There are two types of FETs: N-channel and P-channel. In power systems, FETs can be seen as electrical switches. When a positive voltage is applied between the gate and source of the n-channel FET, its switch is turned on. When turned on, current can flow from the drain to the source through the switch. There is an internal resistance between the drain and source, called the on-resistance RDS(ON). It must be clear that the gate of the FET is a high impedance terminal, therefore, a voltage must always be applied to the gate. If the gate is left floating, the device will not work as designed and may turn on or off at inappropriate times, resulting in potential power losses in the system. When the voltage between the source and gate is zero, the switch turns off and current stops flowing through the device. Although the device has been turned off at this time, there is still a small current, which is called leakage current, or IDSS.

Channel selection. The first step in choosing the right device for a design is deciding whether to use an N-channel or P-channel FET. In a typical power application, when a FET is grounded and the load is connected to the mains voltage, the FET constitutes a low-side switch. In low-side switches, N-channel FETs should be used because of the voltage required to turn off or turn on the device. When the FET is connected to the bus and the load is grounded, a high-side switch is used. Usually a P-channel FET is used in this topology, which is also due to the consideration of voltage drive.

Selection of voltage and current.

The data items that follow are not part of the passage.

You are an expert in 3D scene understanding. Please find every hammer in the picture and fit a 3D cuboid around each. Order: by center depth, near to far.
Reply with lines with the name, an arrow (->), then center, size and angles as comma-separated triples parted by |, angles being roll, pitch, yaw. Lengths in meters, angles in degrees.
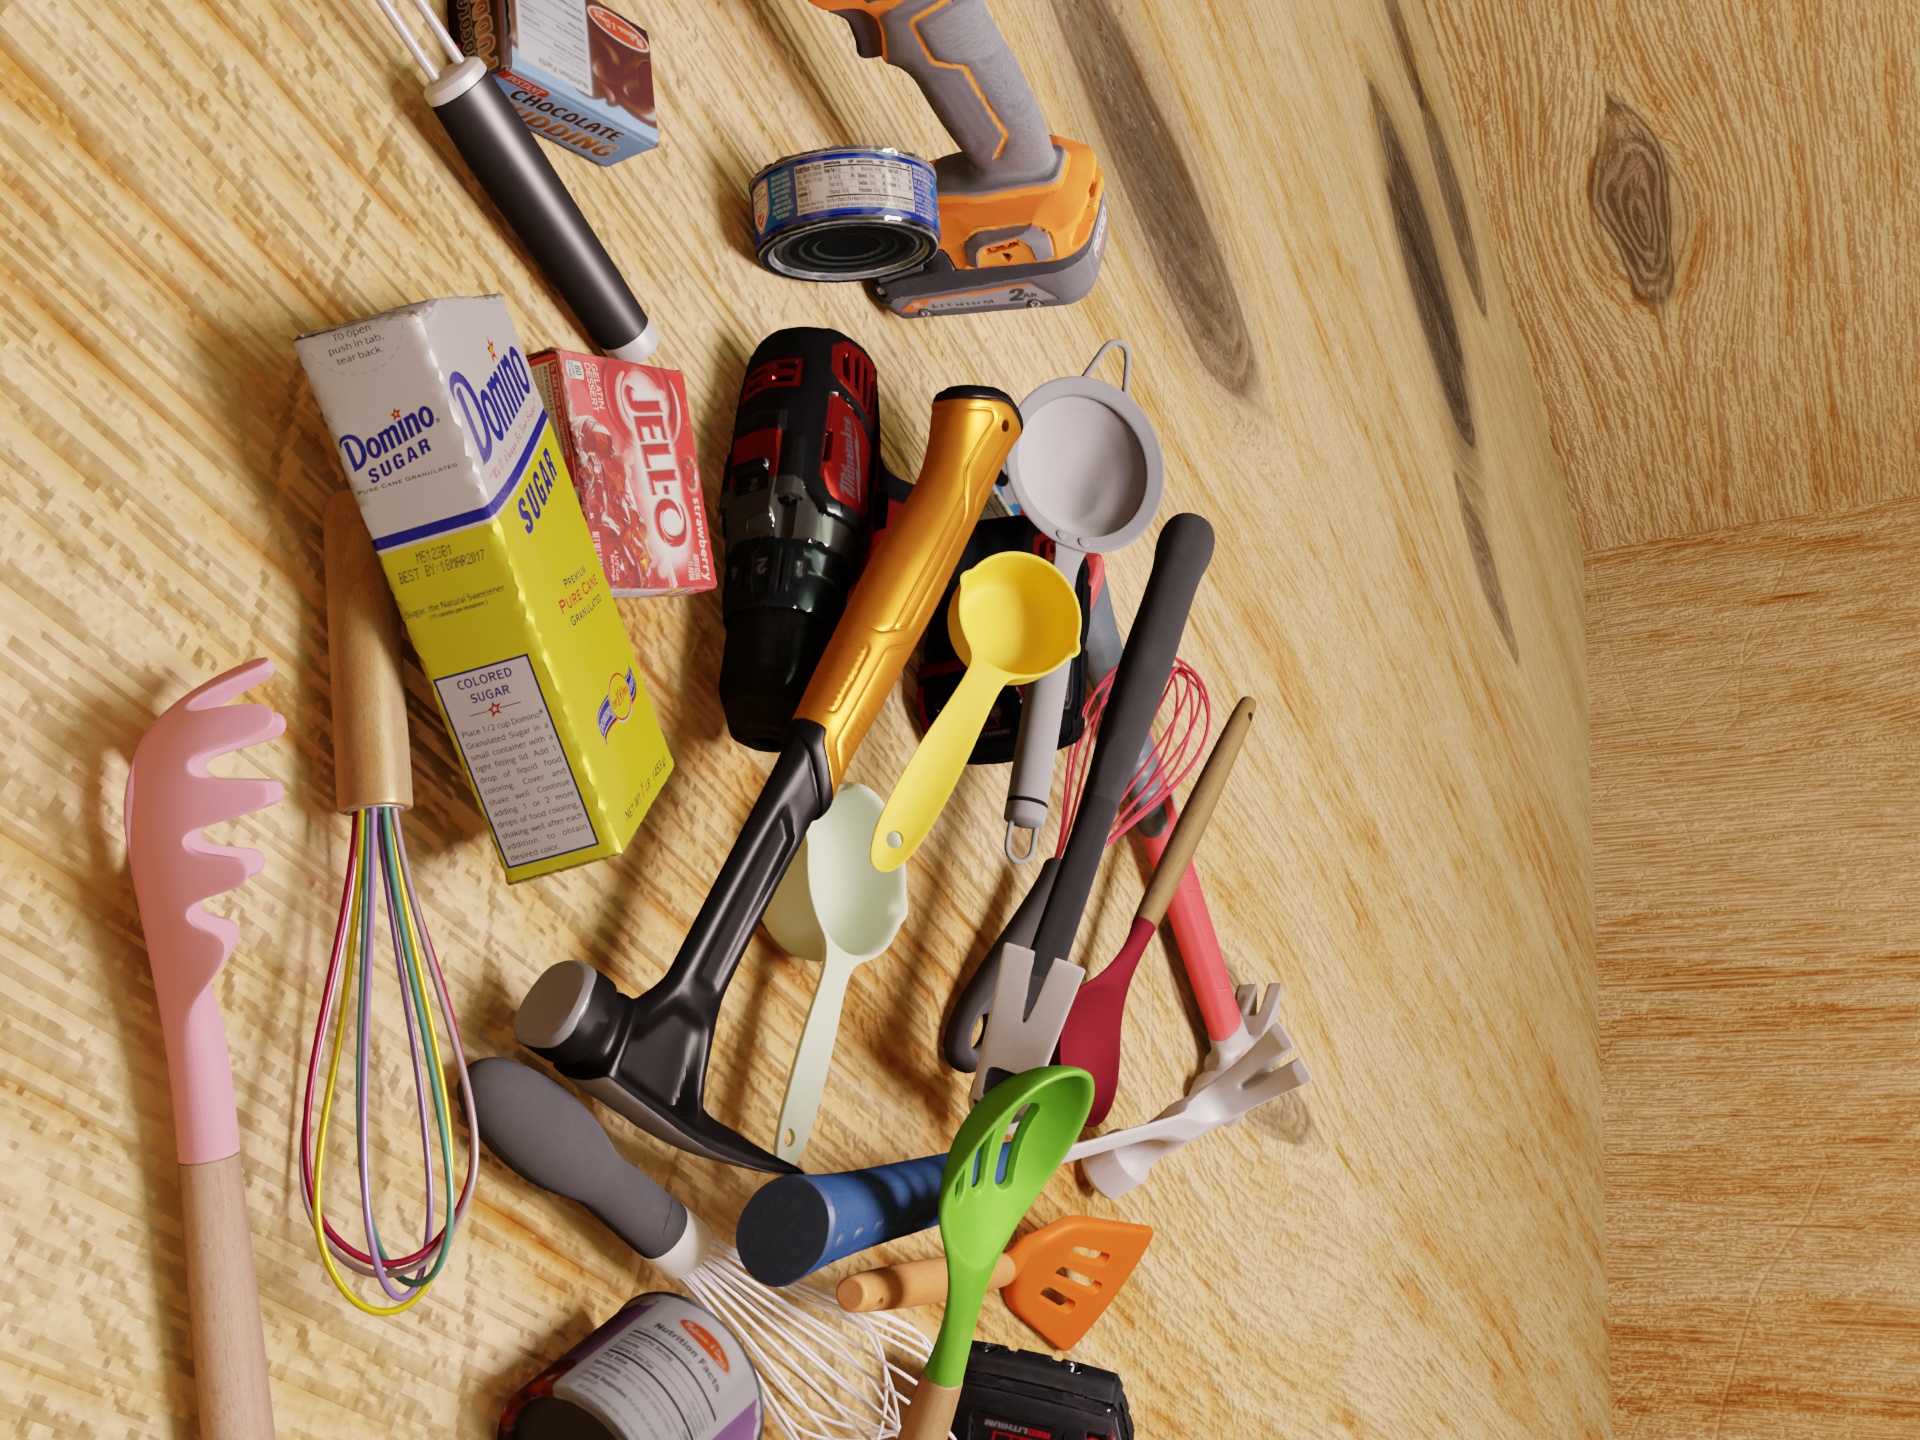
hammer -> -0.045, 0.004, 0.620 | 0.127, 0.034, 0.337 | 49, 54, -39
hammer -> 0.041, 0.194, 0.715 | 0.405, 0.144, 0.035 | 14, 43, -60
hammer -> 0.073, 0.028, 0.782 | 0.146, 0.035, 0.335 | 98, 12, -58
hammer -> 0.135, 0.066, 1.032 | 0.143, 0.038, 0.386 | -51, 127, -55

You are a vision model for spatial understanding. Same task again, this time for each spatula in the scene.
spatula -> 0.018, 0.254, 0.714 | 0.081, 0.041, 0.322 | -54, 156, -2

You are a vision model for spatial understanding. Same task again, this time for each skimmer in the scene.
skimmer -> -0.184, -0.240, 0.481 | 0.090, 0.127, 0.362 | 50, -6, 46

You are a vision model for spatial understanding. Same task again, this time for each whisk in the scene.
whisk -> -0.173, 0.047, 0.469 | 0.047, 0.051, 0.245 | 1, 75, -37
whisk -> -0.085, 0.206, 0.584 | 0.284, 0.070, 0.070 | 54, 39, -33
whisk -> 0.063, 0.067, 0.861 | 0.296, 0.073, 0.073 | -58, 133, -35

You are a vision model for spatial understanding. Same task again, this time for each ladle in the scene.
ladle -> 0.120, 0.100, 0.948 | 0.069, 0.031, 0.315 | 57, 49, -34

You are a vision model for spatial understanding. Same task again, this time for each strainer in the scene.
strainer -> 0.045, -0.057, 0.742 | 0.086, 0.050, 0.259 | 18, 70, -21

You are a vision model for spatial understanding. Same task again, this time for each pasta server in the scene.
pasta server -> -0.190, 0.142, 0.425 | 0.040, 0.060, 0.316 | -6, 90, -20

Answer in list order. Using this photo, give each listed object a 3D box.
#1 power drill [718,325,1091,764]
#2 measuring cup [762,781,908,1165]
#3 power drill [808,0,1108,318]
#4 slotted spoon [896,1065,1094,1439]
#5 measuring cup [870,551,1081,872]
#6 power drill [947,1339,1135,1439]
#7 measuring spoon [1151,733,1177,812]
power drill -> -0.028, -0.049, 0.731 | 0.226, 0.080, 0.188 | 34, 54, -50
measuring cup -> -0.066, 0.104, 0.660 | 0.083, 0.038, 0.168 | 47, 46, -46
power drill -> -0.023, -0.302, 0.748 | 0.226, 0.164, 0.084 | 67, 30, -49
slotted spoon -> -0.016, 0.266, 0.591 | 0.070, 0.031, 0.313 | 6, 104, -51
measuring cup -> -0.001, -0.002, 0.682 | 0.062, 0.029, 0.156 | 32, 72, -10
power drill -> 0.012, 0.384, 0.658 | 0.143, 0.078, 0.220 | 76, 26, -51
measuring spoon -> 0.130, 0.012, 1.056 | 0.034, 0.018, 0.124 | -57, 132, -51

The higher the voltage rating, the higher the cost of the device. According to practical experience, the rated voltage should be greater than the mains voltage or bus voltage. This will provide enough protection so that the FET will not fail. As far as the selection of a FET is concerned, it is necessary to determine the maximum voltage that can be tolerated between the drain and the source, that is, the maximum VDS. Other safety factors that design engineers need to consider include voltage transients induced by switching electronics such as motors or transformers. Voltage ratings vary from application to application. In continuous conduction mode, the FET is in steady state, where current flows continuously through the device. A pulse spike is when there is a large surge (or peak current) flowing through the device. Once the maximum current under these conditions is determined, simply select the device that can handle this maximum current.

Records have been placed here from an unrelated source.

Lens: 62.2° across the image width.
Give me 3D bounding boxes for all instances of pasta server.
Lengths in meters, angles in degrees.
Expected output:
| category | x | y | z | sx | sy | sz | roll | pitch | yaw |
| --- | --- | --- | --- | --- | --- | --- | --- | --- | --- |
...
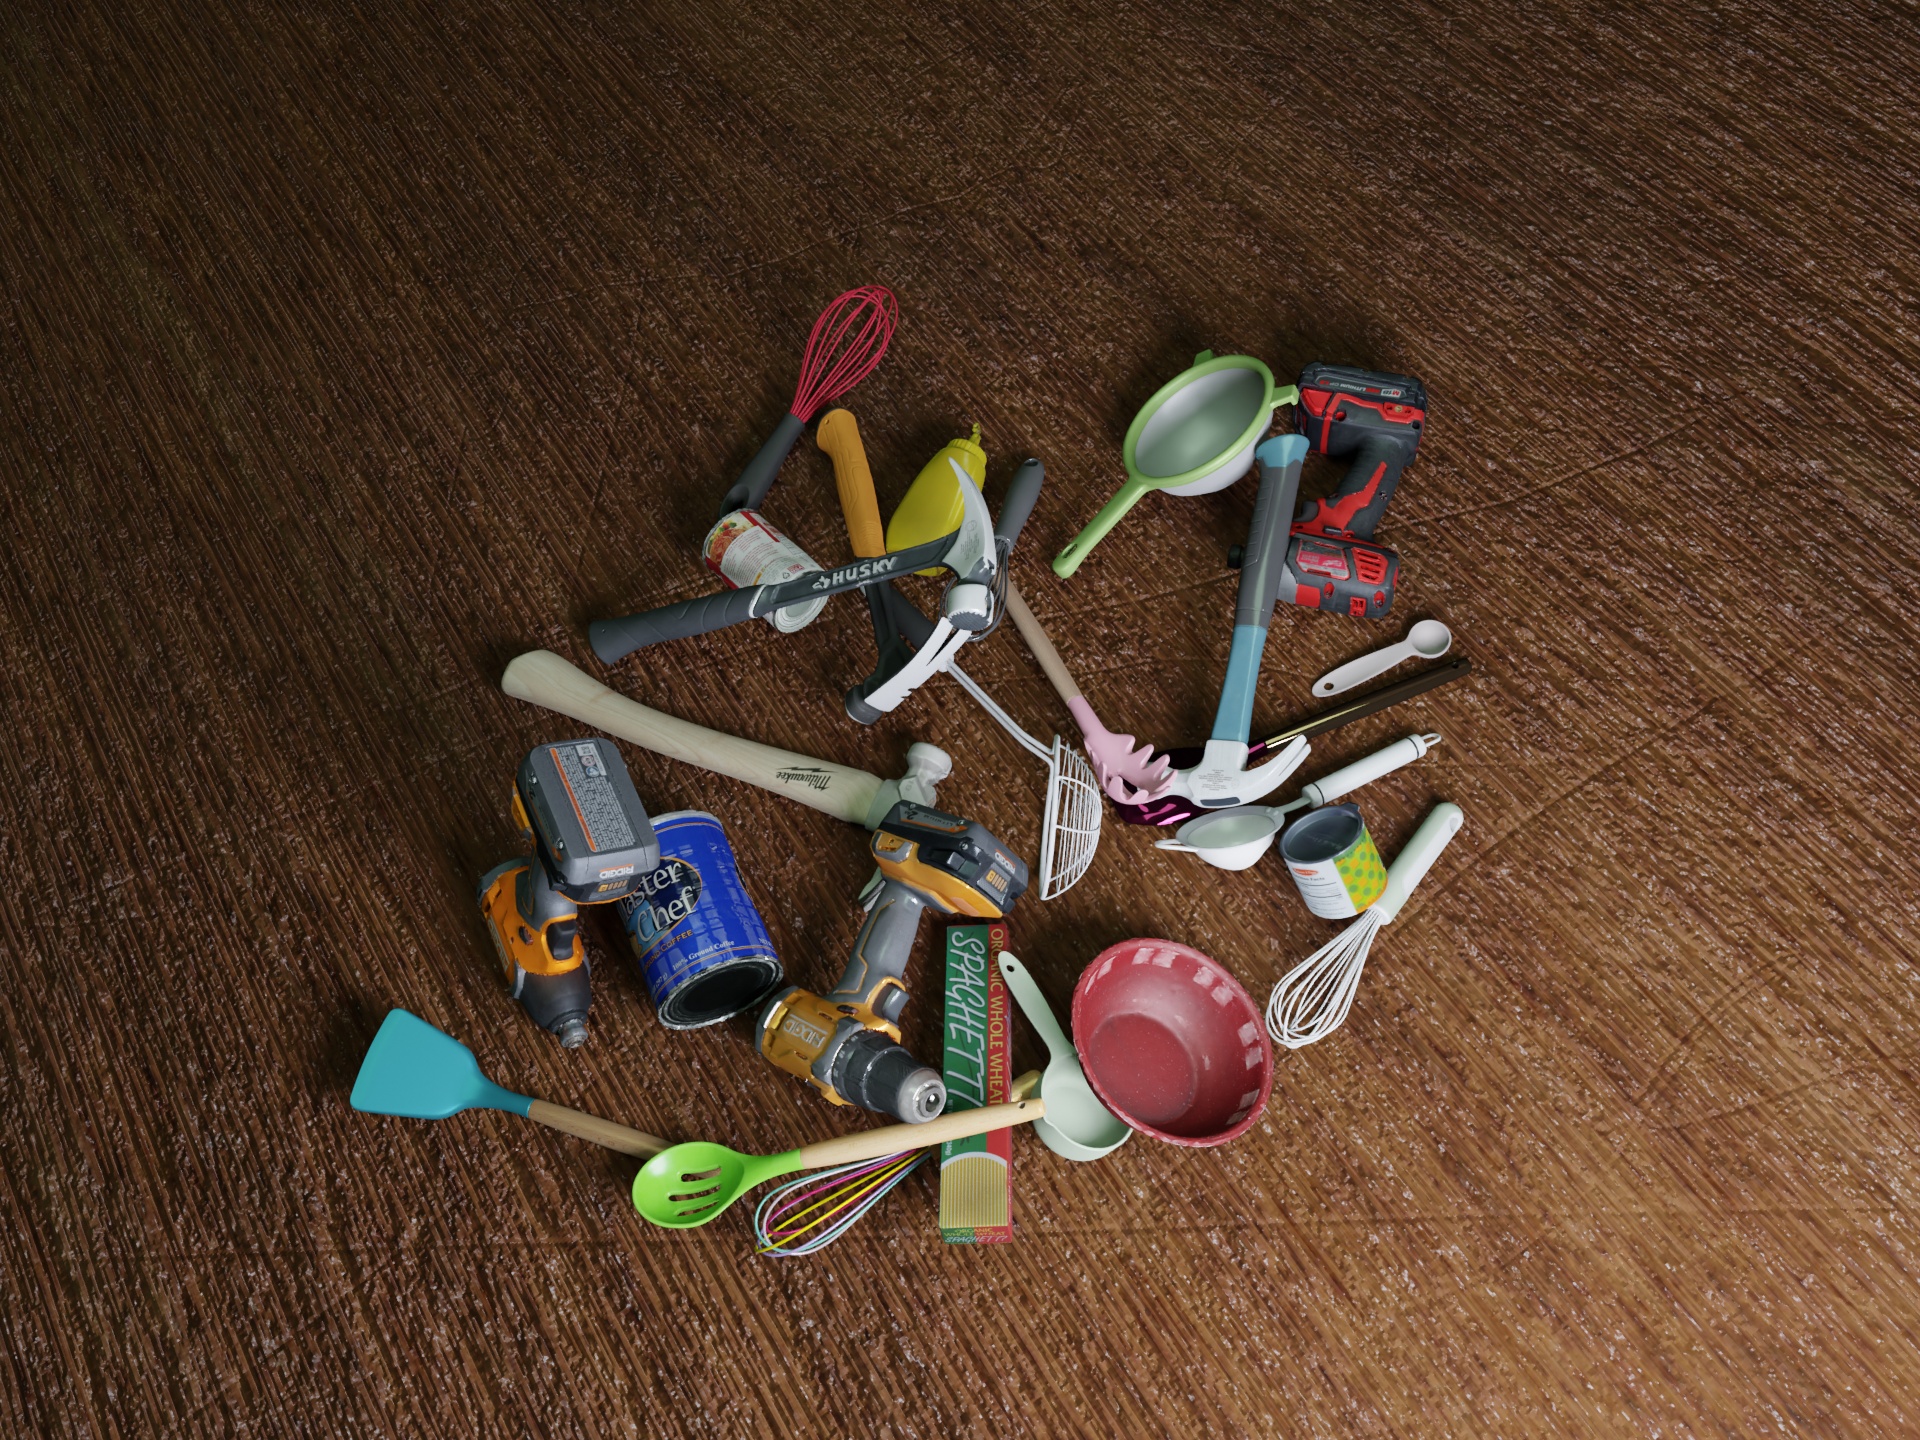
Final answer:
| category | x | y | z | sx | sy | sz | roll | pitch | yaw |
| --- | --- | --- | --- | --- | --- | --- | --- | --- | --- |
| pasta server | 0.087 | -0.039 | 1.320 | 0.060 | 0.040 | 0.317 | -5 | 44 | -25 |

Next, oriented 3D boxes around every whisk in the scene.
| category | x | y | z | sx | sy | sz | roll | pitch | yaw |
| --- | --- | --- | --- | --- | --- | --- | --- | --- | --- |
| whisk | 0.313 | 0.153 | 1.212 | 0.246 | 0.057 | 0.059 | -47 | 36 | -21 |
| whisk | 0.033 | -0.154 | 1.397 | 0.055 | 0.055 | 0.239 | 11 | 49 | 14 |
| whisk | -0.045 | 0.325 | 1.177 | 0.245 | 0.047 | 0.051 | -28 | 60 | -12 |
| whisk | -0.148 | -0.301 | 1.516 | 0.073 | 0.073 | 0.296 | 25 | 75 | 20 |

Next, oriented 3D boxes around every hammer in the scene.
| category | x | y | z | sx | sy | sz | roll | pitch | yaw |
| --- | --- | --- | --- | --- | --- | --- | --- | --- | --- |
| hammer | -0.077 | -0.161 | 1.398 | 0.127 | 0.034 | 0.337 | -40 | 47 | 29 |
| hammer | -0.152 | -0.110 | 1.339 | 0.409 | 0.036 | 0.149 | -11 | 62 | 28 |
| hammer | 0.238 | -0.086 | 1.300 | 0.128 | 0.033 | 0.331 | 5 | 70 | 25 |
| hammer | -0.220 | 0.031 | 1.359 | 0.411 | 0.038 | 0.146 | 18 | 68 | 17 |

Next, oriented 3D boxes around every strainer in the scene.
| category | x | y | z | sx | sy | sz | roll | pitch | yaw |
| --- | --- | --- | --- | --- | --- | --- | --- | --- | --- |
| strainer | 0.187 | -0.209 | 1.412 | 0.256 | 0.069 | 0.152 | -47 | 36 | 1 |
| strainer | 0.275 | 0.066 | 1.266 | 0.258 | 0.050 | 0.087 | -24 | 17 | -11 |

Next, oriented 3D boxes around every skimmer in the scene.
| category | x | y | z | sx | sy | sz | roll | pitch | yaw |
| --- | --- | --- | --- | --- | --- | --- | --- | --- | --- |
| skimmer | -0.002 | -0.004 | 1.314 | 0.090 | 0.127 | 0.364 | -25 | 52 | -25 |

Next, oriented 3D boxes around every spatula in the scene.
| category | x | y | z | sx | sy | sz | roll | pitch | yaw |
| --- | --- | --- | --- | --- | --- | --- | --- | --- | --- |
| spatula | -0.310 | 0.306 | 1.222 | 0.317 | 0.044 | 0.082 | 14 | 68 | 14 |

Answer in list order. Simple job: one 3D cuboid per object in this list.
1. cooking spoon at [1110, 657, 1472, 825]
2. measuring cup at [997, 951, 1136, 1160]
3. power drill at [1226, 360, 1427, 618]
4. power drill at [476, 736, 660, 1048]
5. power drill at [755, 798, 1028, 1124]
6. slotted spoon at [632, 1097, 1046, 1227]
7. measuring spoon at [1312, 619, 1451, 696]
| category | x | y | z | sx | sy | sz | roll | pitch | yaw |
| --- | --- | --- | --- | --- | --- | --- | --- | --- | --- |
| cooking spoon | 0.273 | 0.011 | 1.307 | 0.319 | 0.017 | 0.069 | -21 | 57 | -4 |
| measuring cup | 0.066 | 0.250 | 1.184 | 0.083 | 0.038 | 0.168 | -14 | 61 | -33 |
| power drill | 0.321 | -0.197 | 1.382 | 0.143 | 0.078 | 0.220 | 12 | 68 | 15 |
| power drill | -0.303 | 0.138 | 1.221 | 0.084 | 0.226 | 0.164 | -8 | 56 | -35 |
| power drill | -0.039 | 0.183 | 1.185 | 0.185 | 0.084 | 0.226 | 14 | 67 | 49 |
| slotted spoon | -0.089 | 0.311 | 1.141 | 0.314 | 0.031 | 0.070 | -16 | 42 | 13 |
| measuring spoon | 0.352 | -0.047 | 1.333 | 0.124 | 0.018 | 0.034 | -25 | 61 | 2 |

Calculate the conduction loss. The power dissipation of the FET device can be calculated by Iload2×RDS(ON). Since the on-resistance varies with temperature, the power dissipation also changes proportionally. For portable designs, it is easier (and more common) to use lower voltages, while for industrial designs, higher voltages can be used. Note that the RDS(ON) resistance will rise slightly with current. Various electrical parameter variations for RDS(ON) resistors can be found in the technical data sheet provided by the manufacturer.

Calculate the cooling requirements of the system. Designers have to consider two different scenarios, worst-case and real-world. It is recommended to use the calculation result for the worst case, because this result provides a larger safety margin to ensure that the system does not fail.

switching losses. The voltage-current product at the turn-on instant is quite large. To a certain extent, it determines the switching performance of the device. However, if the system has higher switching performance requirements, a power MOSFET with a smaller gate charge QG can be selected.